ENH: Added np.char.slice_ by madphysicist · Pull Request #20694

ENH: Added np.char.slice_ by madphysicist · Pull Request #20694 · numpy/numpy

For this PR, I can probably get rid of chunksize. Right now, with the updates to dtype, assuming a.dtype == np.dtype('S1'), we can get the main functionality of slice_ implemented without any copying as

 a[..., None].view('S1')[start:end].view(f'S{end-start}').squeeze()

(The squeeze is figurative). I rather like the idea of being able to sample arbitrary characters from the string, in forward, backward and even reverse order. I think we can still do that with just view and slicing. I can see how potentially overlapping chunks of arbitrary size may be a bit of a stretch (though I really like the idea), so the modifications to as_strided are not necessarily a prerequisite for this PR.

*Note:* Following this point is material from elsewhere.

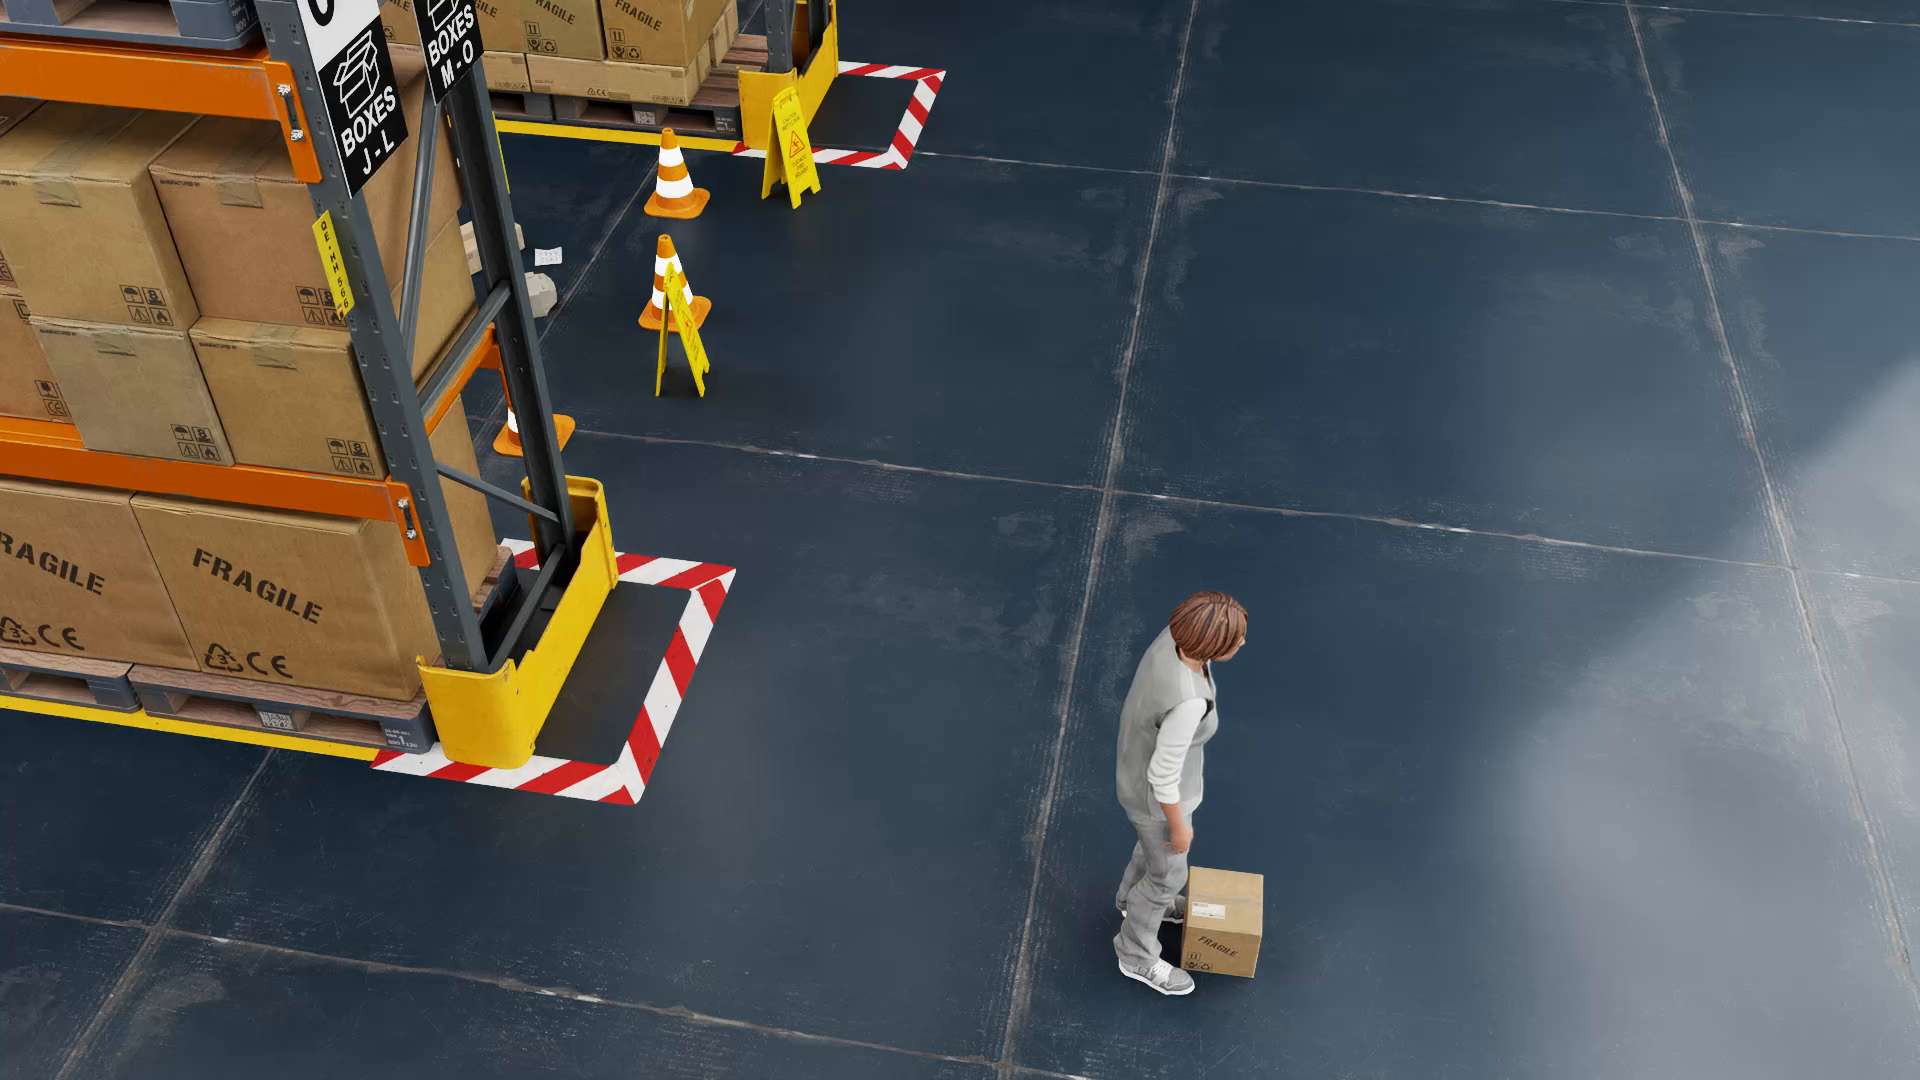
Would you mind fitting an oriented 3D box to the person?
[{"bbox_3d":[0.662,0.781,5.279,0.342,1.582,0.485,4,41,5],"label":"person"}]
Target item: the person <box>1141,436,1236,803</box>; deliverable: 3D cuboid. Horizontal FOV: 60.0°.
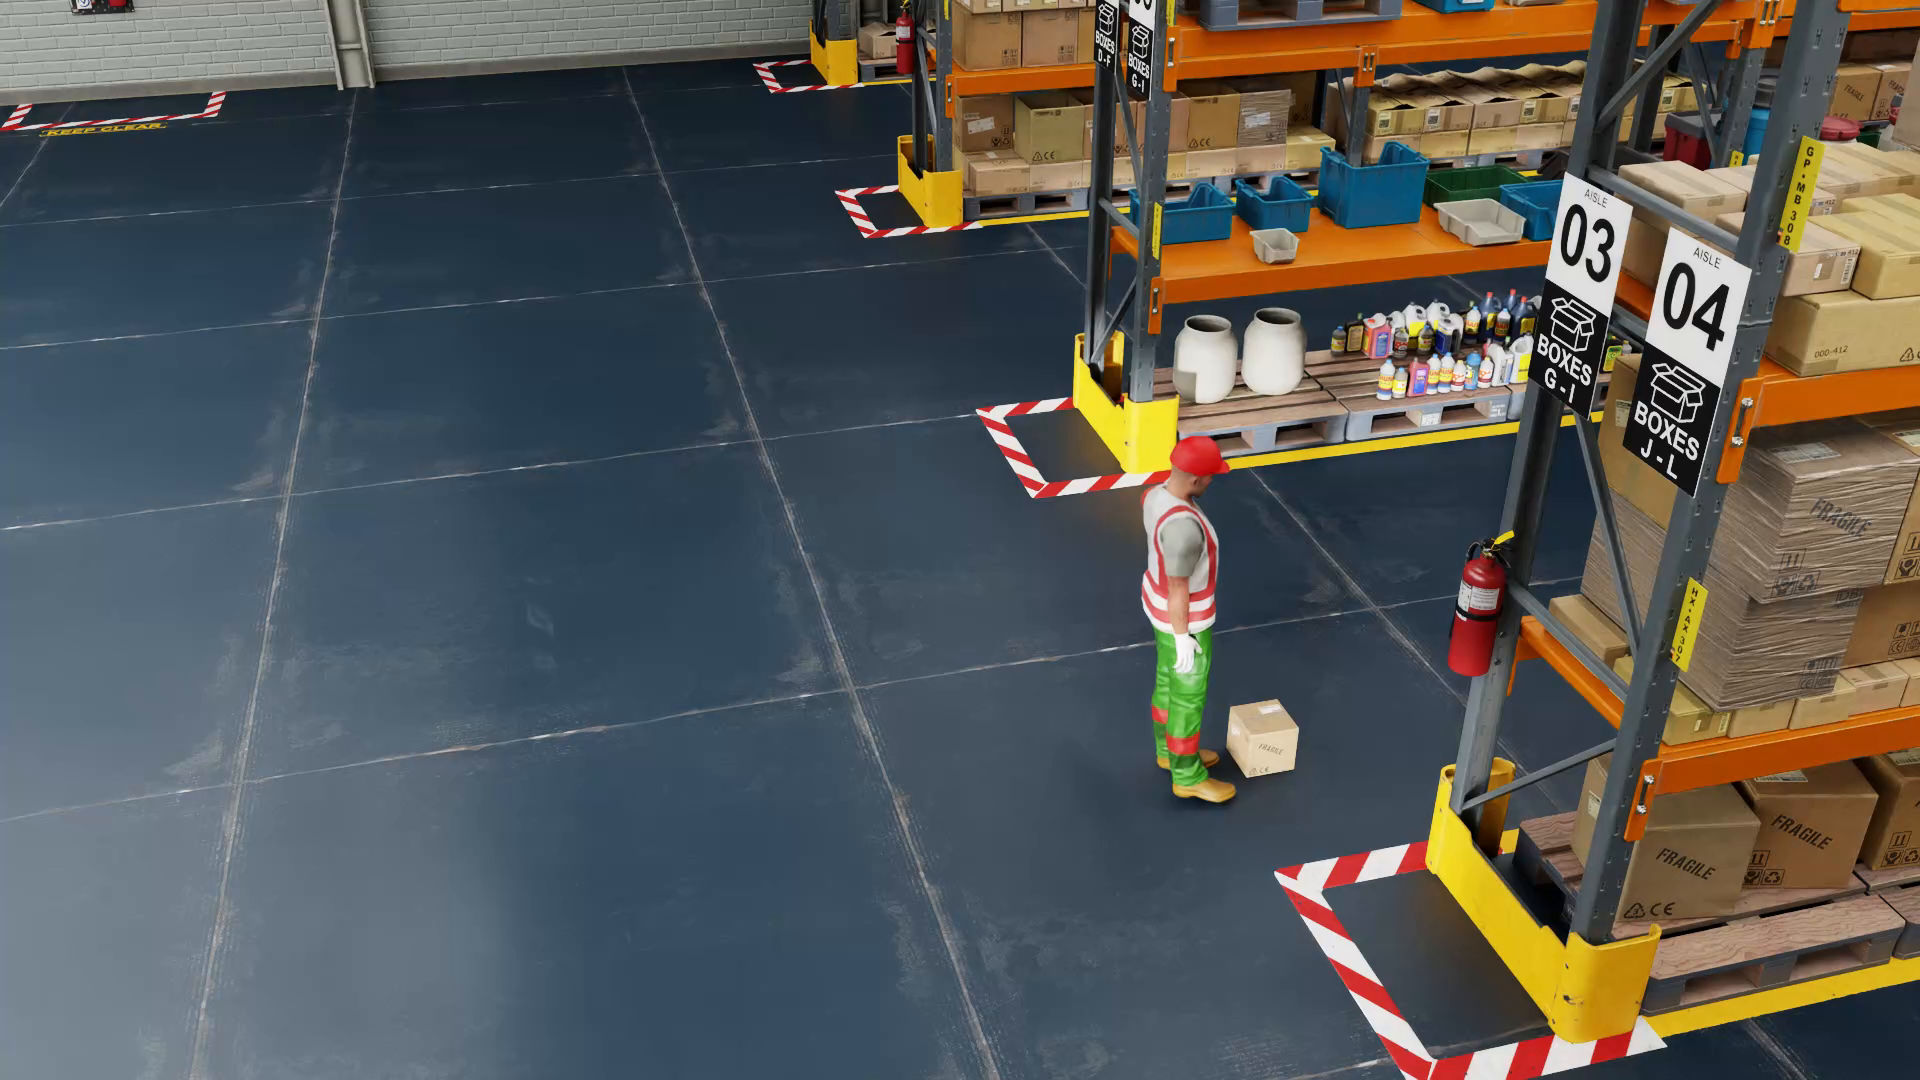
[{"bbox_3d":[1.055,0.344,7.586,0.459,1.792,0.567,-4,30,-6],"label":"person"}]

offset: number of bytes to add to current array's base address when viewing. This seems like a natural addition when working with strings. I actually got the idea from np.ndarray. The challenge I see here is dealing with subclasses, but it's my understanding that all arrays implement the buffer protocol (I may be very very wrong about that).

dtype: datatype with which to view elements. This one seems pretty straightforward. Given that you can completely screw up just about everything just using strides and shape, I don't see any reason not to trust a competent user to be able to change the dtype as well.

With these two changes, the snippet above could become

as_strided(a, offset=start * a.dtype.itemsize, dtype=f'S{end - start}')

In some ways, I find this easier to understand, since it only makes a single coherent transformation rather than multiple changes.